I just went out to feed in the rain and noticed my lamancha/nubian doe has a goose egg sized knot on the right side of her neck. At first I thought it was a swelling under her chin but it is round and hard, doesn't feell like fluid, feels like I can kinda move it a little. I know a pic would help but its raining out and I don't have lights in their shelter so I don't think it would turn out good enough. Does this sound like anything anyone else has seen? I didn't notice it yesterday but maybe it was there but a lot smaller? She is one of my escape artist so she has been out off and on a little this week but so far, I think I got them in good now. She is also expecting and I would think should kid soon. she has had an udder for a while now. Any ideas?


----------



## liz (Oct 5, 2007)

Has she had any vaccinations in that area? Is this in her throat area on the right side of where her esophogus is? Could be an enlarged thyroid that can be caused by an iodine deficiency.


----------



## Stacie1205 (Mar 26, 2011)

No, no vaccinations. Yes this is on the right of her esophagus but not directly under her head, maybe an inch or 2 below it.
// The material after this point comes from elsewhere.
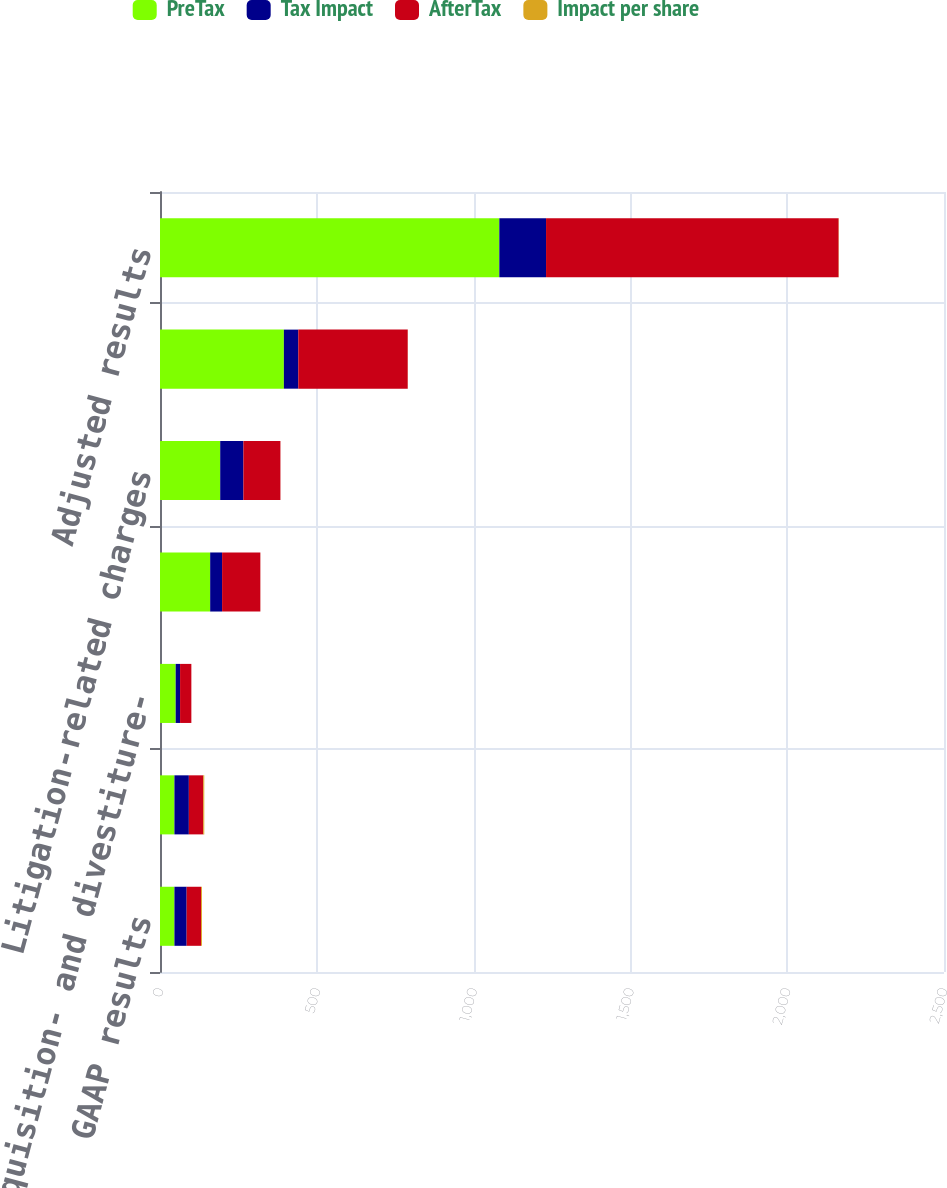Convert chart to OTSL. <chart><loc_0><loc_0><loc_500><loc_500><stacked_bar_chart><ecel><fcel>GAAP results<fcel>Goodwill and other intangible<fcel>Acquisition- and divestiture-<fcel>Restructuring-related charges<fcel>Litigation-related charges<fcel>Amortization expense<fcel>Adjusted results<nl><fcel>PreTax<fcel>46<fcel>46<fcel>50<fcel>160<fcel>192<fcel>395<fcel>1082<nl><fcel>Tax Impact<fcel>39<fcel>46<fcel>14<fcel>38<fcel>74<fcel>46<fcel>149<nl><fcel>AfterTax<fcel>46<fcel>46<fcel>36<fcel>122<fcel>118<fcel>349<fcel>933<nl><fcel>Impact per share<fcel>2.89<fcel>3.15<fcel>0.02<fcel>0.09<fcel>0.08<fcel>0.25<fcel>0.66<nl></chart> 
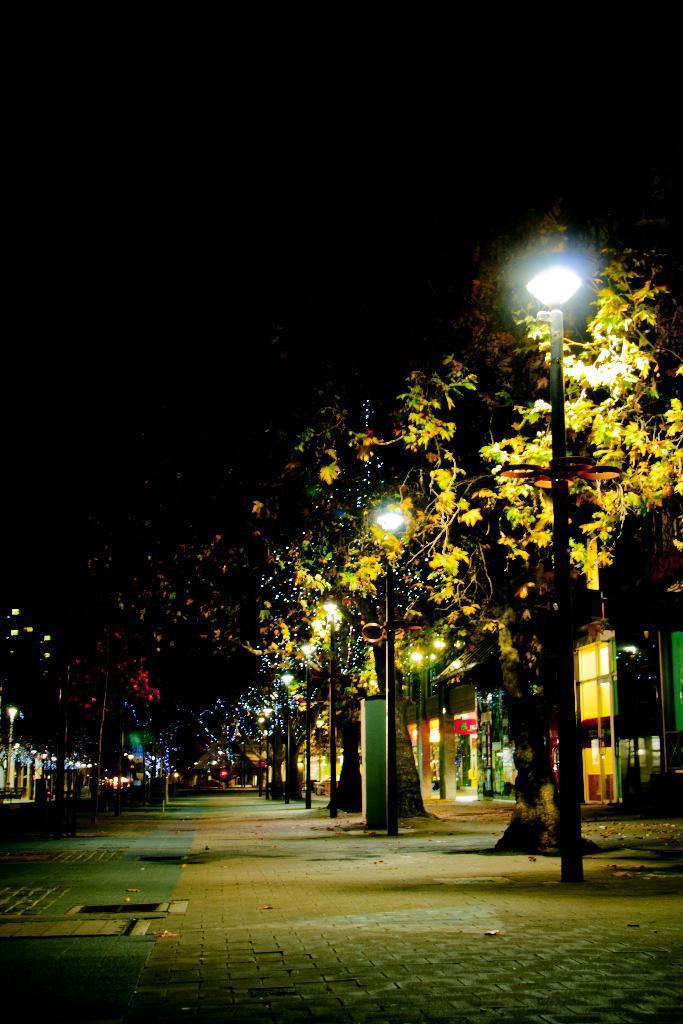How would you summarize this image in a sentence or two? In this image there are trees and we can see poles. There are lights. In the background there are buildings and sky.

My first thought was bottle jaw but it is not near her jaw and a little below her head. It is hard and I can cup it with my hand just like holding and egg. They have minerals and dairy goat specific feed, alphalpha pellets and grass hay along with her little escapes out to browse this past week. They do have a little grass growing in their pen also. She doesn't act off or even like it bothers her. Not sensitive or anything.Feels like when I had a hold of it I could move it around a little.


----------



## packhillboers (Feb 2, 2011)

Has it come on suddenly?


----------



## Stacie1205 (Mar 26, 2011)

I didn't notice it yesterday and it jumpedright out at today. Plus she is the only doe left to kid so I have been watching her closed than the others but admittedly looking more at the other end :roll:


----------



## nancy d (Oct 5, 2007)

If you shave her neck where this lump is & examine it closely you might find an entry wound where a nail or stick or even bee sting or whatnot penetrated, then draw out any puss & send it to a lab to be sure.
Wear rubber gloves eye protection & dont let any exudate on the ground.
I dont know about CL lumps but this sounds pretty big for that??


----------



## nubians2 (Feb 20, 2011)

I didn't think CL came on that fast. It is gradual and usually closer to the size of a quarter I thought. 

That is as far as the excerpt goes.